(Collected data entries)
——

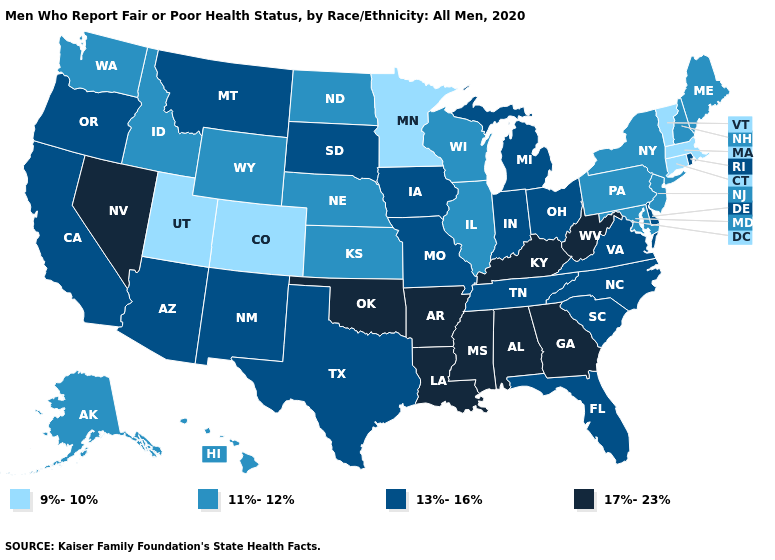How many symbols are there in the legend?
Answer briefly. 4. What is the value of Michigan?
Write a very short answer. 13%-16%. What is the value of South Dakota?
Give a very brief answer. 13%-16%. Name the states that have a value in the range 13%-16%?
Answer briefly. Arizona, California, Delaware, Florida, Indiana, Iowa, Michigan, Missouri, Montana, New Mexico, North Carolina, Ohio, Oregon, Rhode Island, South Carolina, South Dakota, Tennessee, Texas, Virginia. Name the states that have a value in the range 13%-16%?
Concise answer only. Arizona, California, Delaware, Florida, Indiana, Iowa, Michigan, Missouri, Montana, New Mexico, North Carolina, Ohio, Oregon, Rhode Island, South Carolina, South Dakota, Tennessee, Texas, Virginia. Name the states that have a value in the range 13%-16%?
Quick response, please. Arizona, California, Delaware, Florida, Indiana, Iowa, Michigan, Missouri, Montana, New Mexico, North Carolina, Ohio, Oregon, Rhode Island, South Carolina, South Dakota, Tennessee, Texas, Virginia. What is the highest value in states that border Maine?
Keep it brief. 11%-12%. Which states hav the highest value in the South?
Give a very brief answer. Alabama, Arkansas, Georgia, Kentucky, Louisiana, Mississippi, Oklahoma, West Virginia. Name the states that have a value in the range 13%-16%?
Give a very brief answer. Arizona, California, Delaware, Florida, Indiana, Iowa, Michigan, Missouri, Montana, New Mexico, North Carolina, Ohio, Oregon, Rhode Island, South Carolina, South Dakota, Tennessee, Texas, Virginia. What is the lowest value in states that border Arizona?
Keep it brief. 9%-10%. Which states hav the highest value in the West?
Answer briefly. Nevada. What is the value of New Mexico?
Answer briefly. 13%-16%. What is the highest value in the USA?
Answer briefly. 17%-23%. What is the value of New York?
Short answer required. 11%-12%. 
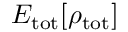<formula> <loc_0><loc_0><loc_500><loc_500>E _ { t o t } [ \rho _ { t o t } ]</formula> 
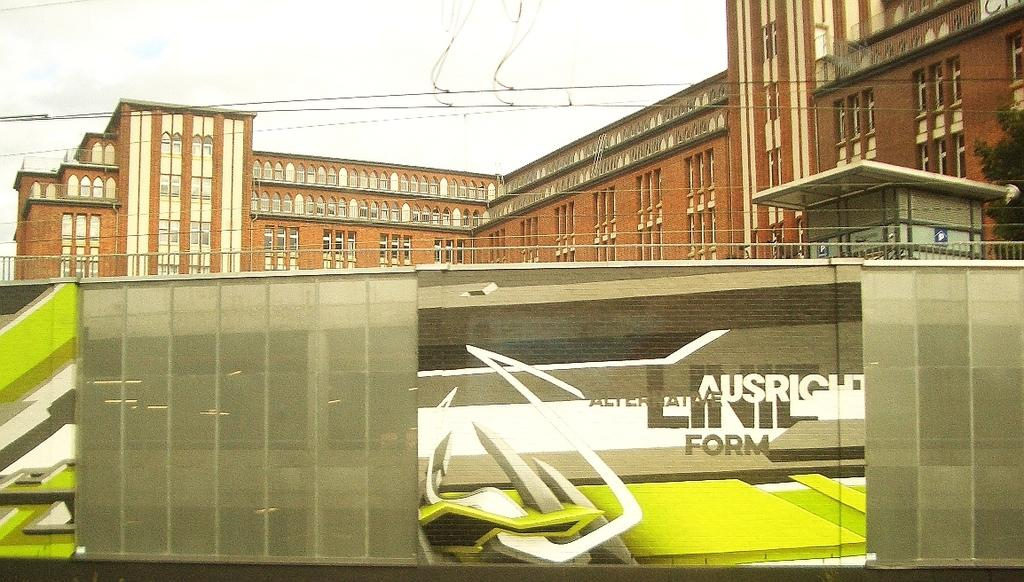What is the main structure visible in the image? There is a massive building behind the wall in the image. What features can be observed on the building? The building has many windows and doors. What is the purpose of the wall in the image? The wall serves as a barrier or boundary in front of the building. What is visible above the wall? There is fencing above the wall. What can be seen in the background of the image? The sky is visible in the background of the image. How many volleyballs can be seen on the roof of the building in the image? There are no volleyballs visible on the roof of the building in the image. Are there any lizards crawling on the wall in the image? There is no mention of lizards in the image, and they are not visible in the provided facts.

——

=== WHAT IS BEING ASKED ===
Please determine how many lines of the records above contain "Oregon", and state that number only.

=== REPLY TO THE EXERCISE ===
4